Short sale: A short sale happens when the lender allows you to sell the house for less than the outstanding loan amount, takes the proceeds and forgives any remaining debt. A real estate agent with experience in short sales may be able to help you find a buyer and guide you through the lengthy process of obtaining the necessary bank approvals.
Short refinance: The lender forgives some of your debt and refinances the rest into a new loan. This type of refi was more common in the aftermath of the mortgage crisis and may not be available for most homeowners now.
Refinance with a “hard money” loan: You won’t like the high rates and fees of a hard money loan — one from a private lender, often an individual — but it may buy you time to sell your home and avoid foreclosure.
Get free expert help: Speak to a HUD-approved housing counselor
If you aren’t getting anywhere with your mortgage company, you can obtain free advice and support from a housing counselor sponsored by the U.S. Department of Housing and Urban Development (HUD).

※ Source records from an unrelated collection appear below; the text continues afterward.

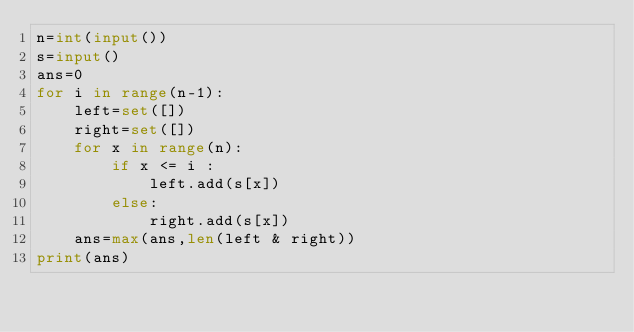Convert code to text. <code><loc_0><loc_0><loc_500><loc_500><_Python_>n=int(input())
s=input()
ans=0
for i in range(n-1):
    left=set([])
    right=set([])
    for x in range(n):
        if x <= i :
            left.add(s[x])
        else:
            right.add(s[x])
    ans=max(ans,len(left & right))
print(ans)</code> 
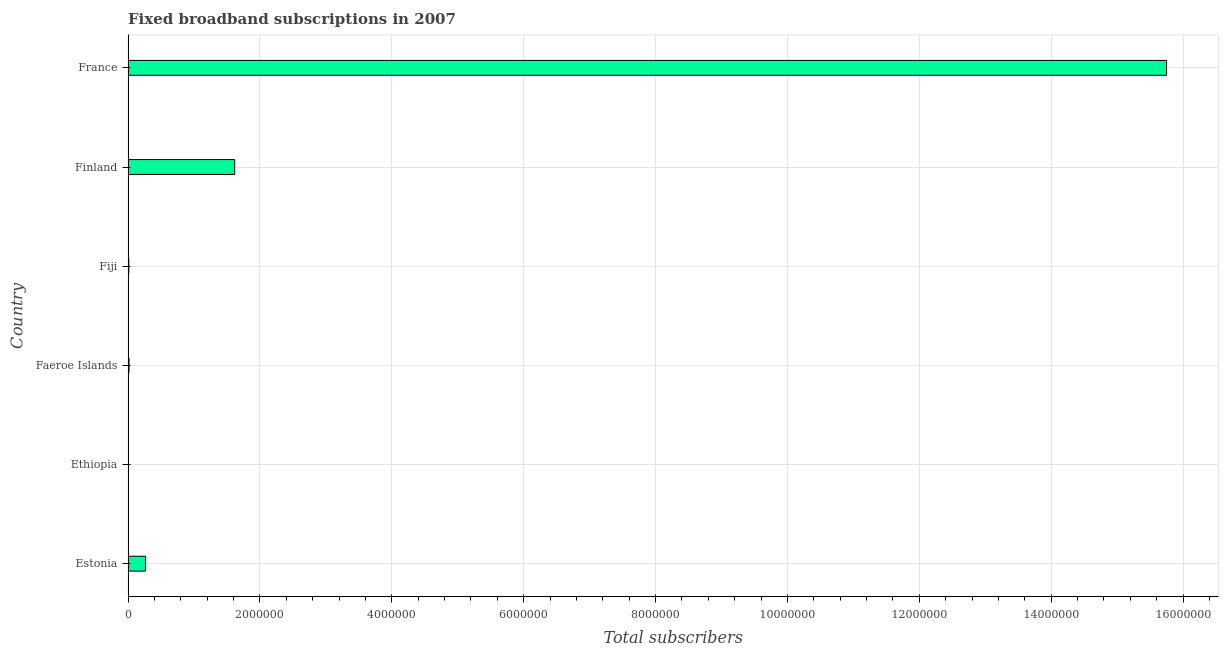Does the graph contain any zero values?
Your answer should be very brief. No. What is the title of the graph?
Your answer should be compact. Fixed broadband subscriptions in 2007. What is the label or title of the X-axis?
Your answer should be compact. Total subscribers. What is the label or title of the Y-axis?
Provide a succinct answer. Country. What is the total number of fixed broadband subscriptions in Finland?
Your answer should be compact. 1.62e+06. Across all countries, what is the maximum total number of fixed broadband subscriptions?
Your answer should be very brief. 1.58e+07. Across all countries, what is the minimum total number of fixed broadband subscriptions?
Your answer should be compact. 1036. In which country was the total number of fixed broadband subscriptions maximum?
Offer a terse response. France. In which country was the total number of fixed broadband subscriptions minimum?
Your answer should be very brief. Ethiopia. What is the sum of the total number of fixed broadband subscriptions?
Make the answer very short. 1.77e+07. What is the difference between the total number of fixed broadband subscriptions in Estonia and Finland?
Provide a succinct answer. -1.35e+06. What is the average total number of fixed broadband subscriptions per country?
Ensure brevity in your answer.  2.94e+06. What is the median total number of fixed broadband subscriptions?
Make the answer very short. 1.40e+05. In how many countries, is the total number of fixed broadband subscriptions greater than 10400000 ?
Provide a succinct answer. 1. What is the ratio of the total number of fixed broadband subscriptions in Estonia to that in Fiji?
Your answer should be compact. 23.04. Is the total number of fixed broadband subscriptions in Faeroe Islands less than that in Fiji?
Offer a very short reply. No. What is the difference between the highest and the second highest total number of fixed broadband subscriptions?
Provide a succinct answer. 1.41e+07. Is the sum of the total number of fixed broadband subscriptions in Fiji and Finland greater than the maximum total number of fixed broadband subscriptions across all countries?
Keep it short and to the point. No. What is the difference between the highest and the lowest total number of fixed broadband subscriptions?
Your response must be concise. 1.57e+07. How many bars are there?
Offer a terse response. 6. Are all the bars in the graph horizontal?
Keep it short and to the point. Yes. What is the difference between two consecutive major ticks on the X-axis?
Provide a short and direct response. 2.00e+06. Are the values on the major ticks of X-axis written in scientific E-notation?
Provide a short and direct response. No. What is the Total subscribers of Estonia?
Keep it short and to the point. 2.65e+05. What is the Total subscribers in Ethiopia?
Ensure brevity in your answer.  1036. What is the Total subscribers of Faeroe Islands?
Keep it short and to the point. 1.45e+04. What is the Total subscribers in Fiji?
Provide a short and direct response. 1.15e+04. What is the Total subscribers of Finland?
Offer a very short reply. 1.62e+06. What is the Total subscribers in France?
Make the answer very short. 1.58e+07. What is the difference between the Total subscribers in Estonia and Ethiopia?
Give a very brief answer. 2.64e+05. What is the difference between the Total subscribers in Estonia and Faeroe Islands?
Provide a short and direct response. 2.50e+05. What is the difference between the Total subscribers in Estonia and Fiji?
Provide a short and direct response. 2.53e+05. What is the difference between the Total subscribers in Estonia and Finland?
Provide a short and direct response. -1.35e+06. What is the difference between the Total subscribers in Estonia and France?
Your answer should be very brief. -1.55e+07. What is the difference between the Total subscribers in Ethiopia and Faeroe Islands?
Provide a short and direct response. -1.34e+04. What is the difference between the Total subscribers in Ethiopia and Fiji?
Keep it short and to the point. -1.05e+04. What is the difference between the Total subscribers in Ethiopia and Finland?
Your answer should be very brief. -1.62e+06. What is the difference between the Total subscribers in Ethiopia and France?
Provide a short and direct response. -1.57e+07. What is the difference between the Total subscribers in Faeroe Islands and Fiji?
Ensure brevity in your answer.  2963. What is the difference between the Total subscribers in Faeroe Islands and Finland?
Your response must be concise. -1.60e+06. What is the difference between the Total subscribers in Faeroe Islands and France?
Offer a terse response. -1.57e+07. What is the difference between the Total subscribers in Fiji and Finland?
Give a very brief answer. -1.61e+06. What is the difference between the Total subscribers in Fiji and France?
Provide a short and direct response. -1.57e+07. What is the difference between the Total subscribers in Finland and France?
Make the answer very short. -1.41e+07. What is the ratio of the Total subscribers in Estonia to that in Ethiopia?
Offer a very short reply. 255.74. What is the ratio of the Total subscribers in Estonia to that in Faeroe Islands?
Your answer should be compact. 18.32. What is the ratio of the Total subscribers in Estonia to that in Fiji?
Ensure brevity in your answer.  23.04. What is the ratio of the Total subscribers in Estonia to that in Finland?
Keep it short and to the point. 0.16. What is the ratio of the Total subscribers in Estonia to that in France?
Give a very brief answer. 0.02. What is the ratio of the Total subscribers in Ethiopia to that in Faeroe Islands?
Make the answer very short. 0.07. What is the ratio of the Total subscribers in Ethiopia to that in Fiji?
Offer a very short reply. 0.09. What is the ratio of the Total subscribers in Ethiopia to that in Finland?
Your answer should be compact. 0. What is the ratio of the Total subscribers in Faeroe Islands to that in Fiji?
Your answer should be very brief. 1.26. What is the ratio of the Total subscribers in Faeroe Islands to that in Finland?
Your answer should be very brief. 0.01. What is the ratio of the Total subscribers in Fiji to that in Finland?
Offer a terse response. 0.01. What is the ratio of the Total subscribers in Fiji to that in France?
Your answer should be compact. 0. What is the ratio of the Total subscribers in Finland to that in France?
Provide a short and direct response. 0.1. 
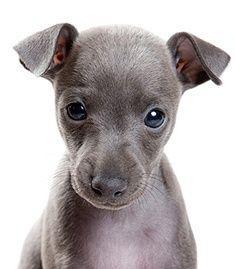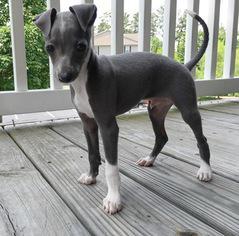The first image is the image on the left, the second image is the image on the right. Considering the images on both sides, is "There is a fence behind a dog." valid? Answer yes or no. Yes. 
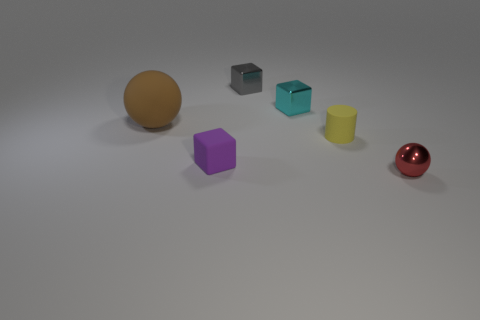Add 4 large cubes. How many objects exist? 10 Subtract all cylinders. How many objects are left? 5 Add 3 large yellow rubber balls. How many large yellow rubber balls exist? 3 Subtract 1 yellow cylinders. How many objects are left? 5 Subtract all big brown matte things. Subtract all matte cubes. How many objects are left? 4 Add 6 yellow rubber cylinders. How many yellow rubber cylinders are left? 7 
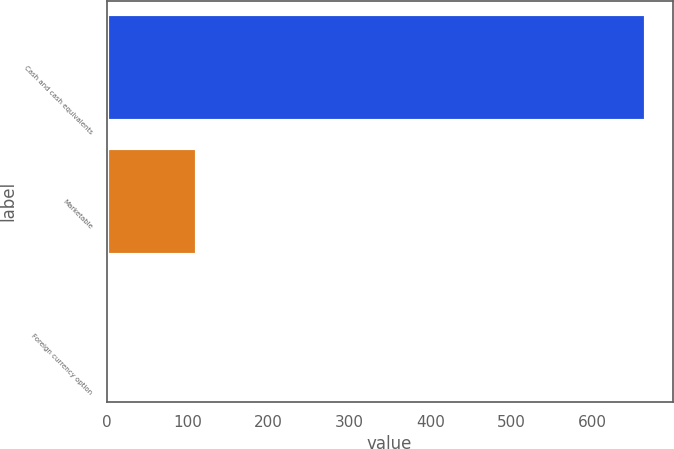Convert chart. <chart><loc_0><loc_0><loc_500><loc_500><bar_chart><fcel>Cash and cash equivalents<fcel>Marketable<fcel>Foreign currency option<nl><fcel>665.9<fcel>112<fcel>0.1<nl></chart> 
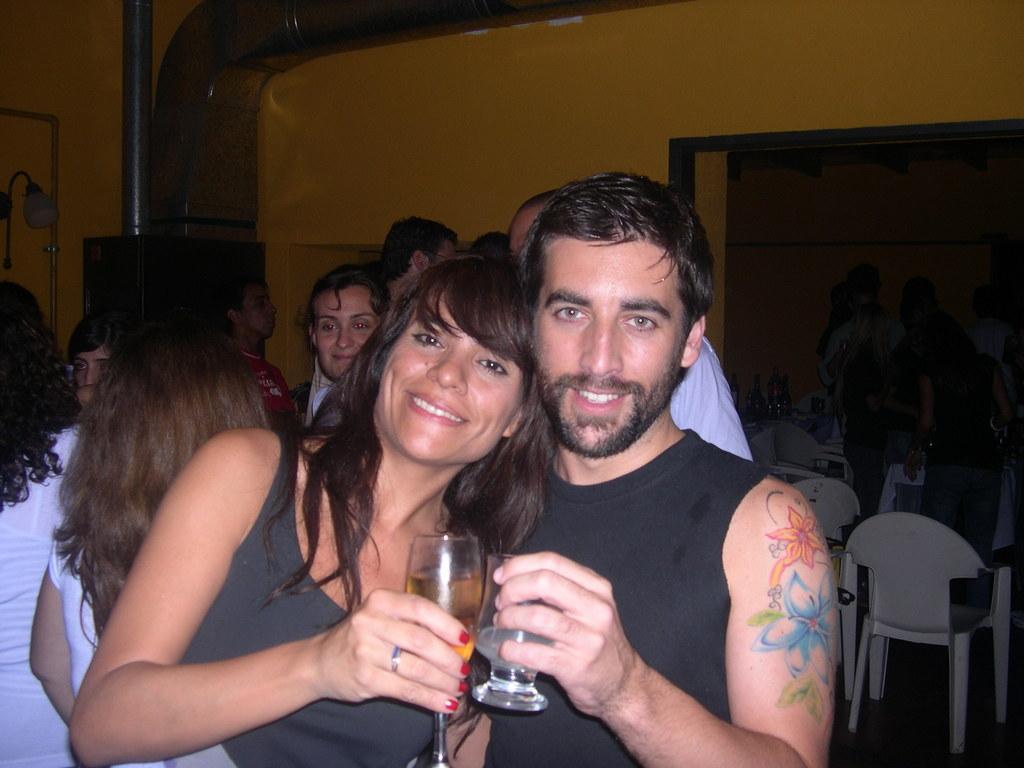How would you summarize this image in a sentence or two? In the image we can see there are people who are standing and in front there are two people who are holding wine glasses in their hand. 
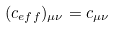<formula> <loc_0><loc_0><loc_500><loc_500>( { c _ { e f f } } ) _ { \mu \nu } = c _ { \mu \nu }</formula> 
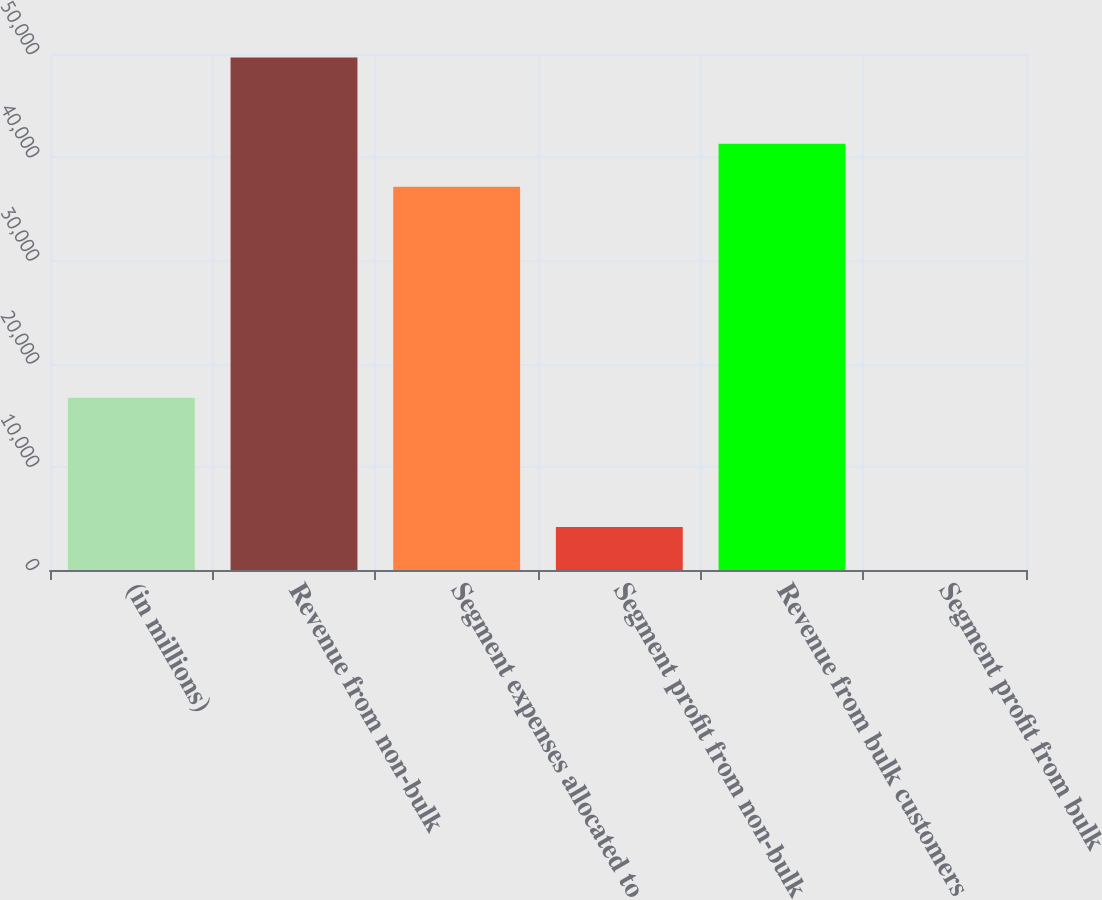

An expert from a housing counseling agency can guide you as you try to work with your mortgage company to avoid foreclosure.
Beware of foreclosure rescue scams
Unfortunately, scammers masquerading as legitimate housing counselors often try to take advantage of homeowners who are vulnerable. As you work through your mortgage issue, keep a skeptical eye out for fake programs and scams.
Warning signs of a scam include organizations that require advance payment or that guarantee to fix your foreclosure problems.
In particular, beware of offers to help you get a loan modification through the federal HAMP Program, a federal loan modification program that expired at the end of 2017. In the past, fraudsters have told homeowners that they were approved for the program as a way to trick them into sending money.
Also watch out for phone calls or mail solicitations that appear to be from your mortgage company, but direct you to send payments to an unfamiliar address that doesn’t match the one on your mortgage statement.
If you’re having difficulty making your house payments, your best bet is to reach out to your lender and a HUD-approved housing counselor as soon as possible. This will improve your chances for a happy resolution that helps you avoid the financial and emotional pain of foreclosure.